** WORK REQUEST **
Go through the entries below and collect each line with the string "photo" in it.

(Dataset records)
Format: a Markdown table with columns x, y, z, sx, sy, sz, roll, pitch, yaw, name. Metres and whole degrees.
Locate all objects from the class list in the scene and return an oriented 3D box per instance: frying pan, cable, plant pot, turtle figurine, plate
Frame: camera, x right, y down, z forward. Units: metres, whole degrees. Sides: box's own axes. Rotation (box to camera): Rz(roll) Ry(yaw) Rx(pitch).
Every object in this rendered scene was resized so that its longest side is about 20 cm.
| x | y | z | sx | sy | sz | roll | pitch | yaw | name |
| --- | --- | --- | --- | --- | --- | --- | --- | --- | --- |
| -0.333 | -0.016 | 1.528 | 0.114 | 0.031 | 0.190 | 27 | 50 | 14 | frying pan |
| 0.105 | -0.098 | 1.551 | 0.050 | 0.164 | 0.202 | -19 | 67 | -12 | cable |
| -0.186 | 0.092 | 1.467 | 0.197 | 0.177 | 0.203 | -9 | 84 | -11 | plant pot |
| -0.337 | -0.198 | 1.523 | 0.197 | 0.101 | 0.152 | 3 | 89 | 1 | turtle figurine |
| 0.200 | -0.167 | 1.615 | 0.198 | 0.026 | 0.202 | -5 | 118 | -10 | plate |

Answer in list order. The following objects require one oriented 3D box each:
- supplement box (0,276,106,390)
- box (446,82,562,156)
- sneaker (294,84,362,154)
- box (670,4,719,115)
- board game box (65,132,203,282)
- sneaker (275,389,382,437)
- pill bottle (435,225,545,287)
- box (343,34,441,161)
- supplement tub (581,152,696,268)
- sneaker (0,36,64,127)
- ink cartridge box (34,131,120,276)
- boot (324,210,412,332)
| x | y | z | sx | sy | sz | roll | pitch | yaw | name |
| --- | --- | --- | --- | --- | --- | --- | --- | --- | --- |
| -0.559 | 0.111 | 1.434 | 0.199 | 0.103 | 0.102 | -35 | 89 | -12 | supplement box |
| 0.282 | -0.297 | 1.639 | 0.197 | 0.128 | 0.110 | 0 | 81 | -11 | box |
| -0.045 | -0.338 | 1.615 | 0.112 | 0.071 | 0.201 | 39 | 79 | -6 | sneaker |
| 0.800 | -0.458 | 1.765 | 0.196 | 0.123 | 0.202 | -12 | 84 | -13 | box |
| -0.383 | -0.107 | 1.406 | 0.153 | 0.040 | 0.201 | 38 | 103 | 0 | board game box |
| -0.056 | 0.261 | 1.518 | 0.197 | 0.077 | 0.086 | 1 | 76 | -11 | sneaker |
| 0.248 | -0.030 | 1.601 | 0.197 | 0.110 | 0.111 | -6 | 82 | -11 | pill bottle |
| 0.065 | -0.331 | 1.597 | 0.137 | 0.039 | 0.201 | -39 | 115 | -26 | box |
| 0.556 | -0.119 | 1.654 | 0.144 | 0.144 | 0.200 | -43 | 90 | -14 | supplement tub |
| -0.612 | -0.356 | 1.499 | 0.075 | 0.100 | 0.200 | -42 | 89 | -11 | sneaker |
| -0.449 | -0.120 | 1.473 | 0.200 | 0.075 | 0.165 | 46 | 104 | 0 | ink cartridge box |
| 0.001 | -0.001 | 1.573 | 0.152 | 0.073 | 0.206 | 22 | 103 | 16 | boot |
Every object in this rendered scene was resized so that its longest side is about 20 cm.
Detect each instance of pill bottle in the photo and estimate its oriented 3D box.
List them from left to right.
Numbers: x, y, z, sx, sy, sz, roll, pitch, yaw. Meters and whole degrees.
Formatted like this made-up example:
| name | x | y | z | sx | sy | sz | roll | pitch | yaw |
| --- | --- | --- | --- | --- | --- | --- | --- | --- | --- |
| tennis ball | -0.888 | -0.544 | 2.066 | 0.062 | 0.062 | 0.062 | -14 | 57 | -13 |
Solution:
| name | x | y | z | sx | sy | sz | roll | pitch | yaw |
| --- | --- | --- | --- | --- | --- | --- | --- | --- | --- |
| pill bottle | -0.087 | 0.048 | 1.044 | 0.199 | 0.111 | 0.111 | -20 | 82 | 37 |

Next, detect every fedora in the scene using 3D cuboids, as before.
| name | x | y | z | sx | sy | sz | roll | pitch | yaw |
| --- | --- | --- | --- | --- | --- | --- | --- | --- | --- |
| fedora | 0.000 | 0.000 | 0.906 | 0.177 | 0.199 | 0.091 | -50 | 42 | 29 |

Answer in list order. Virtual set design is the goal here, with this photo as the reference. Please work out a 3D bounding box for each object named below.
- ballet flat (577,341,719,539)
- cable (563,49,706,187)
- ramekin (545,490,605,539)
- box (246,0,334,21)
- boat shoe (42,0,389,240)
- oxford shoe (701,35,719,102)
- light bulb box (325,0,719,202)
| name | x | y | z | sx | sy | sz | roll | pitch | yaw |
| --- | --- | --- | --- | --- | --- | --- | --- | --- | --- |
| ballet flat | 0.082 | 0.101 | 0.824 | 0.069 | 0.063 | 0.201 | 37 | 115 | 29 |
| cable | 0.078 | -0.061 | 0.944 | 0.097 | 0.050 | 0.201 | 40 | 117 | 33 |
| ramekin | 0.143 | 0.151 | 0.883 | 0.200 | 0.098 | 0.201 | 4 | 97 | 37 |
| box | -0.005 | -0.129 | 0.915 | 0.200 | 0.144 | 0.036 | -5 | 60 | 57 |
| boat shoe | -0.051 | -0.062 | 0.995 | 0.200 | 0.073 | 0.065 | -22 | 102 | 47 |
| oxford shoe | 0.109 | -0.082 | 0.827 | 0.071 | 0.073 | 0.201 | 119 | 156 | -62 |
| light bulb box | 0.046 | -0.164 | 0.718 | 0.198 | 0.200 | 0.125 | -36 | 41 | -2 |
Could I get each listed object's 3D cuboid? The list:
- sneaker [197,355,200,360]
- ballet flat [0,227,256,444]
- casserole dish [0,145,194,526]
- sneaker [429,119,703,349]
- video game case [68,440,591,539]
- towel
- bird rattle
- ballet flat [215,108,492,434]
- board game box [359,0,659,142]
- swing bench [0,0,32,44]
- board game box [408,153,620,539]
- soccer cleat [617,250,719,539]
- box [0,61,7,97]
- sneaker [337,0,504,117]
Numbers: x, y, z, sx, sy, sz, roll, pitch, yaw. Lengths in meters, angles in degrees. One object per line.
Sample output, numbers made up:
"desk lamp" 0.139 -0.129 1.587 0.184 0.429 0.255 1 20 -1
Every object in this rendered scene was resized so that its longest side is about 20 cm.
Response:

** RESPONSE **
Detect each instance of pill bottle in the photo and estimate its oriented 3D box.
Answer in list order. Virtual set design is the goal here, with this photo as the reference. Please work out a 3D bounding box for each object named below.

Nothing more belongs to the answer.